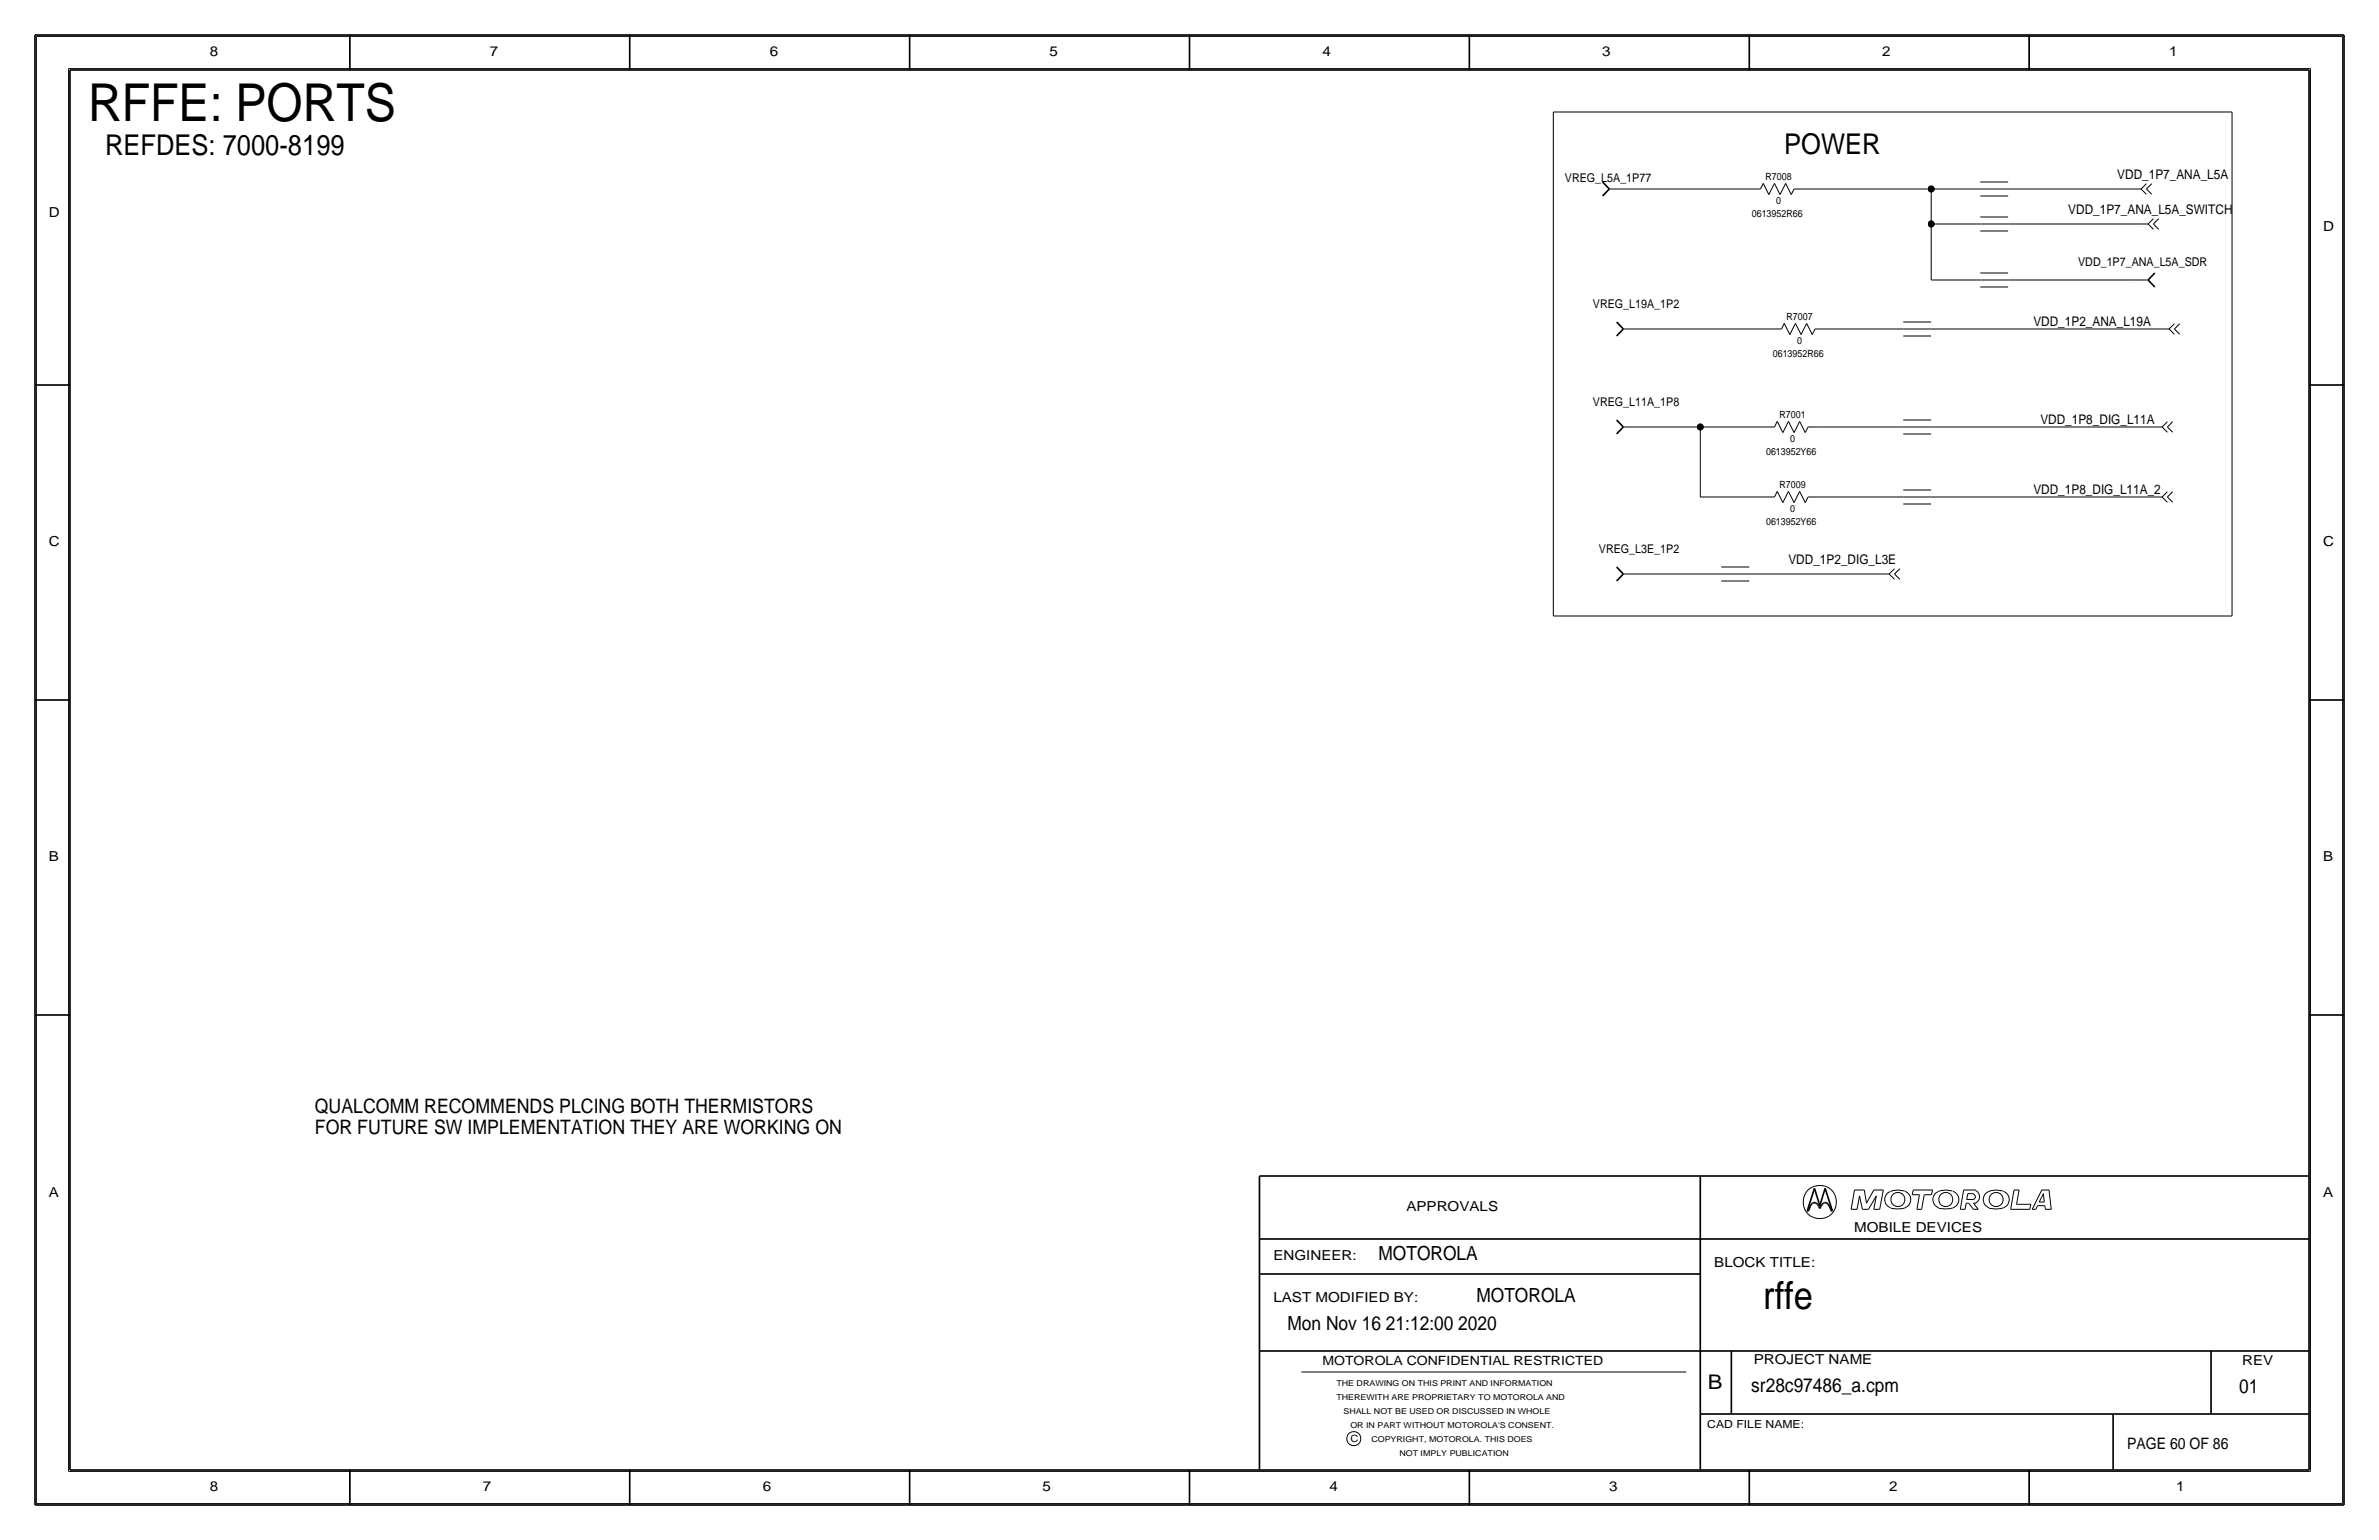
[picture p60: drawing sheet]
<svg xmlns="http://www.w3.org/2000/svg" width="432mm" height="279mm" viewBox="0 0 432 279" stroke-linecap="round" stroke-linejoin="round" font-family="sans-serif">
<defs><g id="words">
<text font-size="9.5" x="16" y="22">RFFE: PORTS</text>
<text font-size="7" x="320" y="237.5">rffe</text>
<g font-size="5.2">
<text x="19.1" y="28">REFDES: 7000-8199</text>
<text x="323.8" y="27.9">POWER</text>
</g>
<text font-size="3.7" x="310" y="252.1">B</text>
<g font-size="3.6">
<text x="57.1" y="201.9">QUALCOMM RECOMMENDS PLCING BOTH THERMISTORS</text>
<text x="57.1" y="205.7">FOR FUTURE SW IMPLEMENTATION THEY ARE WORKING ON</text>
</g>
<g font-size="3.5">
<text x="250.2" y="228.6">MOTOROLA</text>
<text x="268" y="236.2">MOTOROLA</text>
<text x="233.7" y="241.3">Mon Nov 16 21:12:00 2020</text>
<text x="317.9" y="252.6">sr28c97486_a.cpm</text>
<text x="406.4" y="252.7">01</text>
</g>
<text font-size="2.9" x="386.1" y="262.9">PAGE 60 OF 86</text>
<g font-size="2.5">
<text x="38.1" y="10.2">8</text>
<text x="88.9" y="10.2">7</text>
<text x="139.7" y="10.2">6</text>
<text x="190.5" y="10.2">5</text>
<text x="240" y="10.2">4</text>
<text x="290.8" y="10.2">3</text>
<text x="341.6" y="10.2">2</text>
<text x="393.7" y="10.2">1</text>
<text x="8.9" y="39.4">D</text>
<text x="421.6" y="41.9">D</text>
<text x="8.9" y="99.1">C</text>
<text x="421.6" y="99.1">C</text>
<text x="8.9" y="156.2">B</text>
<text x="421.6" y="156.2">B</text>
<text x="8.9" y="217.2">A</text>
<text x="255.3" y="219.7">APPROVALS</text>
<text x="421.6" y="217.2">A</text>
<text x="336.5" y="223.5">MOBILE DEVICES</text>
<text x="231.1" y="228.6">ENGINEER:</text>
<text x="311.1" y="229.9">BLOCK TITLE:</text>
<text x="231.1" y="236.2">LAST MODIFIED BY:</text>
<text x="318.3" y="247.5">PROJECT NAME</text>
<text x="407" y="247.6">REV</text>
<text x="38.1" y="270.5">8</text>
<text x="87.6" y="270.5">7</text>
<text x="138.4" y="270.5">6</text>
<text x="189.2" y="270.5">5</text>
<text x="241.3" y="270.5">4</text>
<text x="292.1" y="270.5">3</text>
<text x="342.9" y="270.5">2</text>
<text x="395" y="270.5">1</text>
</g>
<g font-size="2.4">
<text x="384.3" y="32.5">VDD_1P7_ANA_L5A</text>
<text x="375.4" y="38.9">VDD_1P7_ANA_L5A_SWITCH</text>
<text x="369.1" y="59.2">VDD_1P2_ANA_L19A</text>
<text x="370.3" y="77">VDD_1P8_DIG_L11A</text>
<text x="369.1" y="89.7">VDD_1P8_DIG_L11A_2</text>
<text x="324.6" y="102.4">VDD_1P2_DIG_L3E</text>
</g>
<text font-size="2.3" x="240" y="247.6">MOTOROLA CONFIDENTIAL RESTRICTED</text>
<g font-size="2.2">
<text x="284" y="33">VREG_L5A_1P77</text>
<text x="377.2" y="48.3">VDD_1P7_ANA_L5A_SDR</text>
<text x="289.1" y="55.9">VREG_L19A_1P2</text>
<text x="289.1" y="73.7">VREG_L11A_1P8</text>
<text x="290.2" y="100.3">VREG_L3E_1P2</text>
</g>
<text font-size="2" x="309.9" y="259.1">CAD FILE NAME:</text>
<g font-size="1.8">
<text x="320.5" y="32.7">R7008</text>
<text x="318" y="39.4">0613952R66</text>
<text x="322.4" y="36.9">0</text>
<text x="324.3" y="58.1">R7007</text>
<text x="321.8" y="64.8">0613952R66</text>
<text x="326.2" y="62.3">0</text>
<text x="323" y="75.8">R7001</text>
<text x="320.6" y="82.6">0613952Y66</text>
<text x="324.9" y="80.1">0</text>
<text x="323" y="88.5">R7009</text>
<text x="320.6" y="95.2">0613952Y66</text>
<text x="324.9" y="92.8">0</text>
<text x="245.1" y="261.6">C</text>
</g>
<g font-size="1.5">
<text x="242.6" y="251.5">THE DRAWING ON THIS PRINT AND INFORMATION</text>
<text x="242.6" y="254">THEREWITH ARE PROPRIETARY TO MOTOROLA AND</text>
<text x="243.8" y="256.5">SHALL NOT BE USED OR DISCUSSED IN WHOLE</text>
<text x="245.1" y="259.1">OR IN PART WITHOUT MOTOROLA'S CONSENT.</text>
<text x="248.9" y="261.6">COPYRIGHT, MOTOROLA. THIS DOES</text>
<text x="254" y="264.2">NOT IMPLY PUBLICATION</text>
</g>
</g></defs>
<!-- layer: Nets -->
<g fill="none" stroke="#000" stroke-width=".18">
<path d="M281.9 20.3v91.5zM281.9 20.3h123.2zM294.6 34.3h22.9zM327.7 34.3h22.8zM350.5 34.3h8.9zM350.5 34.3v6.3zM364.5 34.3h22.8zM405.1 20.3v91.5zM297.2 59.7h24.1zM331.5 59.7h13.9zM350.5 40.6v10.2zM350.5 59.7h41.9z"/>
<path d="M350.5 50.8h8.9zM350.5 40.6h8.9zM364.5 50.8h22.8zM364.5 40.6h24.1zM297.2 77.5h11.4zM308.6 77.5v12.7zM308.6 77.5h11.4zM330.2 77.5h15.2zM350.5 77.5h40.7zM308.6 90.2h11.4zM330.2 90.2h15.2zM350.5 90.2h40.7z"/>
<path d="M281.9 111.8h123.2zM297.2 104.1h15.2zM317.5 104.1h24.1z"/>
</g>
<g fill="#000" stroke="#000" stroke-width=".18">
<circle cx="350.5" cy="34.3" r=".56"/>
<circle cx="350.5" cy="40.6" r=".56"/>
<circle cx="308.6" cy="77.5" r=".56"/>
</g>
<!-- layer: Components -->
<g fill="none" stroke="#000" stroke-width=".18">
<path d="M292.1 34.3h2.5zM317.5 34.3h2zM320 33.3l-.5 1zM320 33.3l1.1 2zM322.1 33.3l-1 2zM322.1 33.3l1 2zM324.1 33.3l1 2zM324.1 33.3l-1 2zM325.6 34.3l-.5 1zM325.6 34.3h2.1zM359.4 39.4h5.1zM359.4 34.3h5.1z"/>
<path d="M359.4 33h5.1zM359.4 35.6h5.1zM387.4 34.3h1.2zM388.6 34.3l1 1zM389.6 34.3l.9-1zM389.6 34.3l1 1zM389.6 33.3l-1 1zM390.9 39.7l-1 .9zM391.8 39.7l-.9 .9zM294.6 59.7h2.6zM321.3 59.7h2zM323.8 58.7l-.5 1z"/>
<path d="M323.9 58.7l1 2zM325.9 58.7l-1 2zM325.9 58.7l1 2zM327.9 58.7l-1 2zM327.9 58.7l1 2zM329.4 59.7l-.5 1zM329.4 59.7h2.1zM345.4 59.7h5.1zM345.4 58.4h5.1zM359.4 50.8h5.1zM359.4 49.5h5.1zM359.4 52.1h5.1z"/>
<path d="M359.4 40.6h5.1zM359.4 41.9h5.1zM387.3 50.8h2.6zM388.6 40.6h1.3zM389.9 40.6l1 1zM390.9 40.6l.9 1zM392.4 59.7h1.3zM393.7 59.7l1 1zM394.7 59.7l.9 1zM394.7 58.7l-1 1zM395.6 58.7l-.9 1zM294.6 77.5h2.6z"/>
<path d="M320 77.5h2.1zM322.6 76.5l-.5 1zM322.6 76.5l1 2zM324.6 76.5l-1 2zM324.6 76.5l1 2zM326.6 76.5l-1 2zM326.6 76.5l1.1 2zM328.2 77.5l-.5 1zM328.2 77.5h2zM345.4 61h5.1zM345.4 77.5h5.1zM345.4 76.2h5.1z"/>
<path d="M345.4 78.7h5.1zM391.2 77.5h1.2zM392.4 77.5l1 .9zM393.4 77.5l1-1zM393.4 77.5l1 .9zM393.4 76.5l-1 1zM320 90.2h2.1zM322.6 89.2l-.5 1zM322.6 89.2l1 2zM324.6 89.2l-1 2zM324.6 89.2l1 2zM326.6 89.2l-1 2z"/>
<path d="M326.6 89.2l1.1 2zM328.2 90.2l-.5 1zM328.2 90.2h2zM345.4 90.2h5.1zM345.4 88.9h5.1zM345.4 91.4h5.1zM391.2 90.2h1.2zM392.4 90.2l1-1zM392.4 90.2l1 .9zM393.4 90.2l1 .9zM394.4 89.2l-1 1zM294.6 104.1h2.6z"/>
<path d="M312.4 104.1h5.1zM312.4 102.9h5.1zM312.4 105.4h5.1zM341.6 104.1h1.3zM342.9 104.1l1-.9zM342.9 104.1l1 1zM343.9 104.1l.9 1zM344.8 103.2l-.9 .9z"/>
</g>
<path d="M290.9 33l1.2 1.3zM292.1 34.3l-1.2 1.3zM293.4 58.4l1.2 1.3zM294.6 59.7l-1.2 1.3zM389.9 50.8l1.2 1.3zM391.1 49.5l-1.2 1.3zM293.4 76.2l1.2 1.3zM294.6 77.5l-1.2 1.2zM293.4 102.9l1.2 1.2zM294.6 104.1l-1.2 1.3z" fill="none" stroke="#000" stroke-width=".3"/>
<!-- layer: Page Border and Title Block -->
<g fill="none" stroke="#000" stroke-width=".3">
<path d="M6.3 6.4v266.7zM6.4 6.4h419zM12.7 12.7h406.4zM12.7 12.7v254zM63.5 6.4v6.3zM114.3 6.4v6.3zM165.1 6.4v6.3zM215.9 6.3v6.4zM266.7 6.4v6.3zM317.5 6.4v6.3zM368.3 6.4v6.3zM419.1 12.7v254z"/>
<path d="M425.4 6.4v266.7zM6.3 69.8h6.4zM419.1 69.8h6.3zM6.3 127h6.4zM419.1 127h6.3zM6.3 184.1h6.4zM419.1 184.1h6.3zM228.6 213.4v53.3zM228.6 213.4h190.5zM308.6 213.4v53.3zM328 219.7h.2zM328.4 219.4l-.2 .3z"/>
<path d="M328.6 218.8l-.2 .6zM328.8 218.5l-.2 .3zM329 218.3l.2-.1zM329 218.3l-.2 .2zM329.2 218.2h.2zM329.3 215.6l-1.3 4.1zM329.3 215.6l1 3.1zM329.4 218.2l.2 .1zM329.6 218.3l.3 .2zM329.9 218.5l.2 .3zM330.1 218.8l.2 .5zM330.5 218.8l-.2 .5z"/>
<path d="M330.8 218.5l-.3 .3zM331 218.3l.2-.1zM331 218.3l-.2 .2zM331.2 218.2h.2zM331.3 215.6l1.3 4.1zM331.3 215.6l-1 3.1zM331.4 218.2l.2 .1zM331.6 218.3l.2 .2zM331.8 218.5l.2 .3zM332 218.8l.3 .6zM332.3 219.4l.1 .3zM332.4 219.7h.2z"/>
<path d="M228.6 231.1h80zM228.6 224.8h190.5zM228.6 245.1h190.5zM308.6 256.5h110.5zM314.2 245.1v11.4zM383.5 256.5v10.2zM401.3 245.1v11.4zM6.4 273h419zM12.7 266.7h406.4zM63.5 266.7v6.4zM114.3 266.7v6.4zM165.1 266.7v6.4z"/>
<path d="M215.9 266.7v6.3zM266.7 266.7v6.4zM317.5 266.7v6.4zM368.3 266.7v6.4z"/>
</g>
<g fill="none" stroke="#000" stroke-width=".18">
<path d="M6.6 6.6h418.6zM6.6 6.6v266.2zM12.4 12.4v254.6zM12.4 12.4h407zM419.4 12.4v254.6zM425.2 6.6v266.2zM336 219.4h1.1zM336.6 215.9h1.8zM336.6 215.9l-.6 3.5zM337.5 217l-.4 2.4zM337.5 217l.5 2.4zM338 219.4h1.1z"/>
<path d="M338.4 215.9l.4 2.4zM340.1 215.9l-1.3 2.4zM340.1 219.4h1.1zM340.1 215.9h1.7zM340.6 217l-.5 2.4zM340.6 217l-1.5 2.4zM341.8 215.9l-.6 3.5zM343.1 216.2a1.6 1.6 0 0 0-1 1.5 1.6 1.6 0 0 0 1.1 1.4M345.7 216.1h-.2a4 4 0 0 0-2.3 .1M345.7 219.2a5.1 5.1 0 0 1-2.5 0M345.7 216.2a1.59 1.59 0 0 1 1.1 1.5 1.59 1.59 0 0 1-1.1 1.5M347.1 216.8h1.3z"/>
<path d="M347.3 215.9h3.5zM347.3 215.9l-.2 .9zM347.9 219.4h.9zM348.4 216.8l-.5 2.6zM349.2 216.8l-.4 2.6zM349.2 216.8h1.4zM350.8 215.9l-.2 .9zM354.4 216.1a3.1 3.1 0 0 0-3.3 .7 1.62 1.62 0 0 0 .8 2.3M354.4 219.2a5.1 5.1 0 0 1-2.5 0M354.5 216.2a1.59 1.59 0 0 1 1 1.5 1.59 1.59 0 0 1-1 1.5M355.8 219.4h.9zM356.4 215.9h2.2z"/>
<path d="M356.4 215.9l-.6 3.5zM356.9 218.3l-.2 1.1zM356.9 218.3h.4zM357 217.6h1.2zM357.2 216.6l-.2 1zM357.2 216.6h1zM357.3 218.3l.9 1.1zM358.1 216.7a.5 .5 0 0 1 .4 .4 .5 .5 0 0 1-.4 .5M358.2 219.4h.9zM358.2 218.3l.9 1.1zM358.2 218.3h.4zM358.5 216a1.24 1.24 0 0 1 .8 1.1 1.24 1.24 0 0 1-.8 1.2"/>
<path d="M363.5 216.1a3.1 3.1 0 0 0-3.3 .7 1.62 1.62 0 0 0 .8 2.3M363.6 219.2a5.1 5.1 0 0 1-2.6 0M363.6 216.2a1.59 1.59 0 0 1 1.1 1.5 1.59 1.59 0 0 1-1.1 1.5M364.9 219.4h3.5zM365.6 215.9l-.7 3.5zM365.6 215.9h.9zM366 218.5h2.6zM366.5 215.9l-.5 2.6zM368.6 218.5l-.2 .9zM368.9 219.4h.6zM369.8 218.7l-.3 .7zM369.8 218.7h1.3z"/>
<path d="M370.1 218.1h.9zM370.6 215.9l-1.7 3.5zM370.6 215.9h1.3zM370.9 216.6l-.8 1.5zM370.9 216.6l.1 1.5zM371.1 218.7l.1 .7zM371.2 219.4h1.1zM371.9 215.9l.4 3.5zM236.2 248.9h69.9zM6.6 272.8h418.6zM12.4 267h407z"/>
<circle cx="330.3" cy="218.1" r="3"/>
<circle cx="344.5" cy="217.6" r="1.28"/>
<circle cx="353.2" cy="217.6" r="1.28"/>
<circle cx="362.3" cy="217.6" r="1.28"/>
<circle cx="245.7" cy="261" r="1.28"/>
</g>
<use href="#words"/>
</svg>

§ §

#### TASK REQUIREMENTS
All lines in the entries above that hold the word "THIS" need to be copied.

#### RESPONSE BELOW
<text x="242.6" y="251.5">THE DRAWING ON THIS PRINT AND INFORMATION</text>
<text x="248.9" y="261.6">COPYRIGHT, MOTOROLA. THIS DOES</text>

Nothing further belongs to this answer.